I am not saying this is an appropriate strategy for this illness. I don't know much at all. I think I even have seen here and there that perhaps shouldn't view it as the typical "yetzer hara". I'm not getting into that. I'm also not even saying that it helped me as I never used it. I'm just saying that it impacted me specifically at this time when I am trying to internalize the potency and persistence of the yetzer harah. I don't want to be discouraging, but the guys who are behind me on this journey might view this "milestone" as an accomplishment, a dream. However, the guys past me on this journey most probably see that it's a drop in the iceberg (sorry for speaking for everyone, correct me if I'm wrong).

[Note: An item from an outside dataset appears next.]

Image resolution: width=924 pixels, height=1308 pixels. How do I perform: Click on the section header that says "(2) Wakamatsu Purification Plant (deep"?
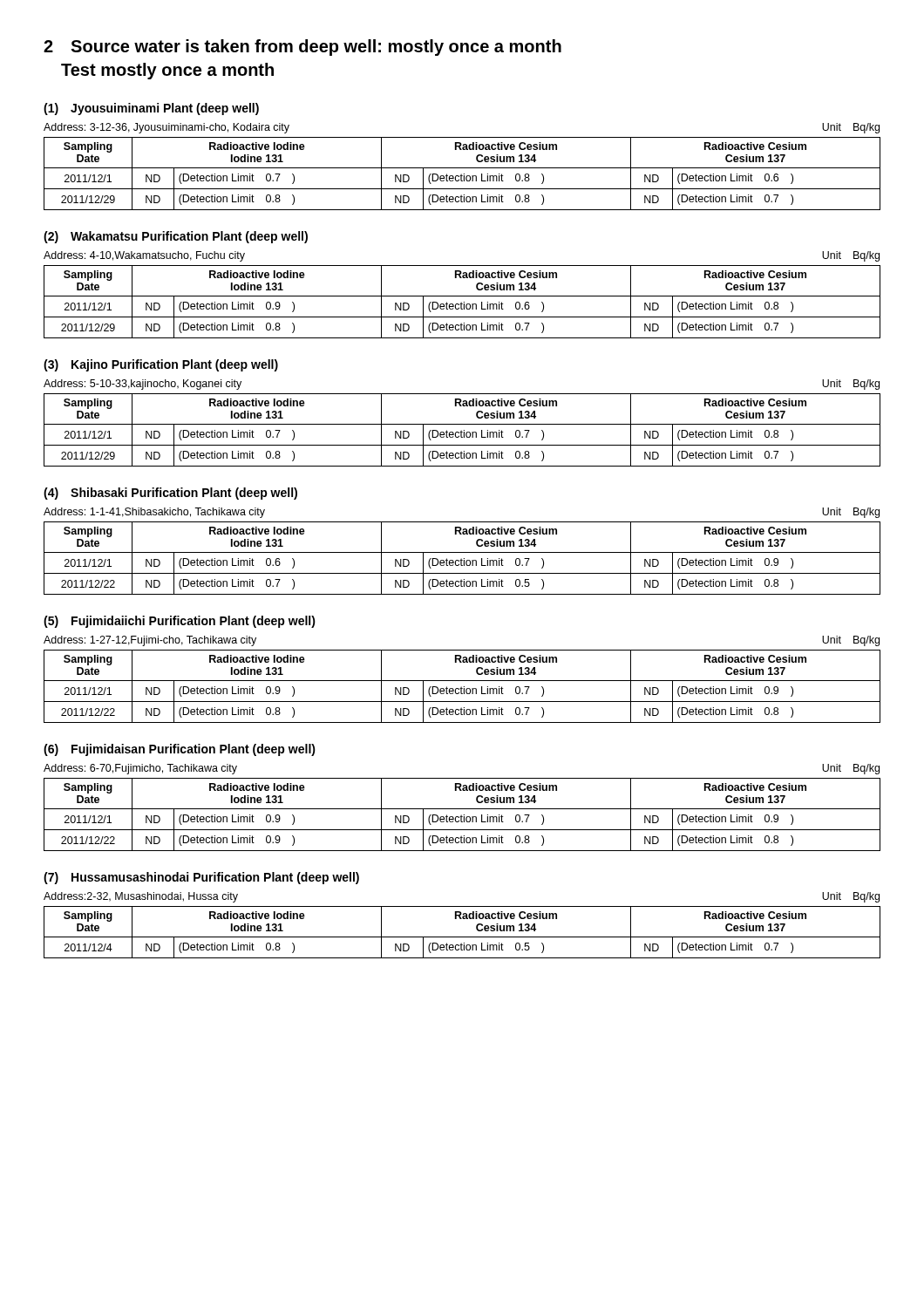click(x=176, y=236)
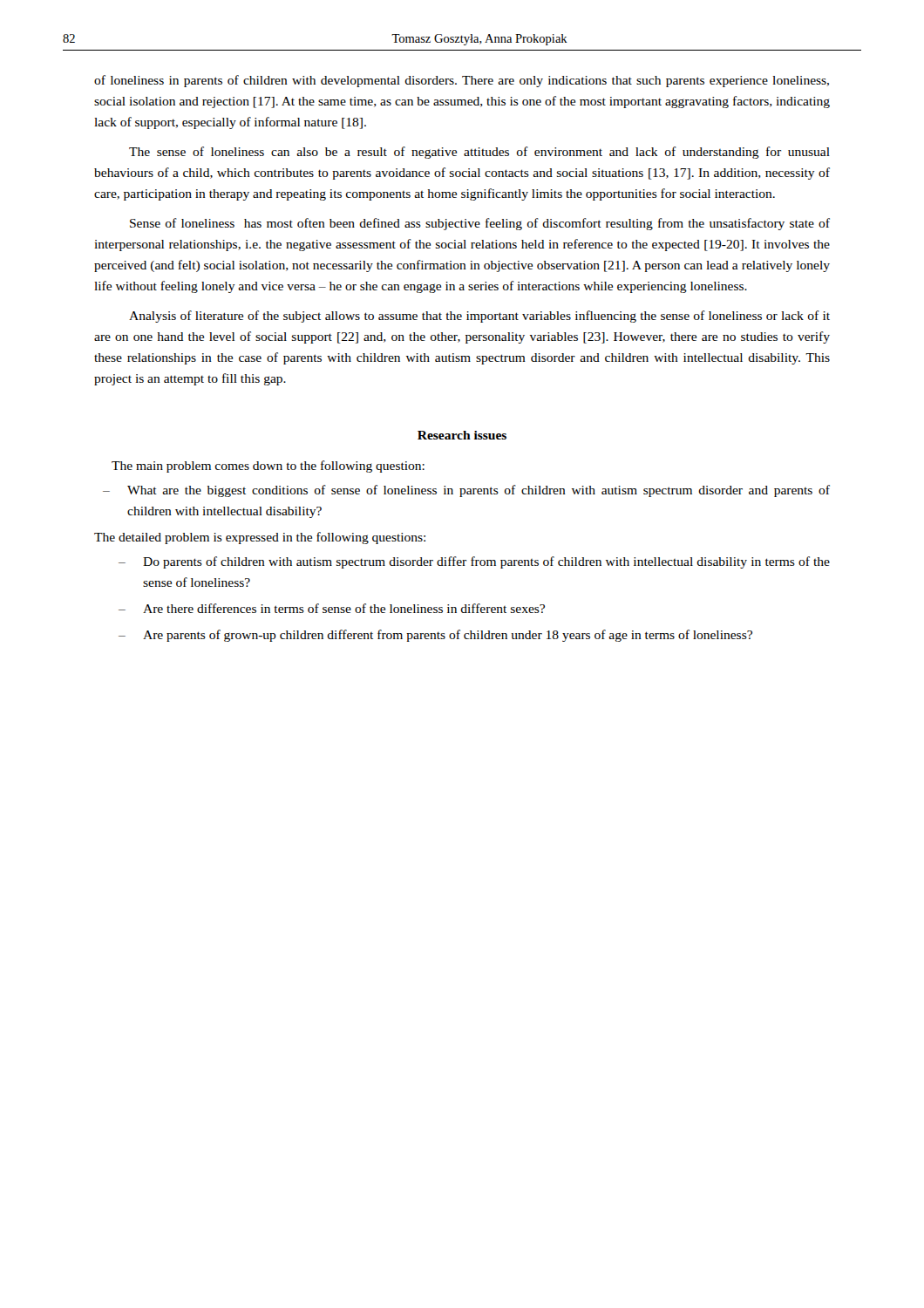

Attaining even any days-70, 90, or a 1000 is great, but it isn't the main thing. What I have learnt is that the main thing is to attain life, to live life. With that said, and feel free to argue, the "journey" isn't trying to "stay clean", rather the journey is to live life normally. Last time I already learnt about the "one day at a time thing", but not sure how much I felt it. Last time I was starting to understand that it's not all about keeping the number of sober days in check, but not sure how much I internalized that. B'H this time around I think I have a deeper understanding. I hope there isn't going to be another "70 day mark", but not thinking about that. And if happens then hopefully that would mean I learnt something new or internalized something better.
I am humbly thankful that I am sober today and pray that I remain sober tonight.
Thanks to whoever listened to my (sometimes repetitive) rambling. It helps me internalize it. Also good to see if anyone thinks my outlook is off.
I am thankful to be part of GYE. Thanks guys.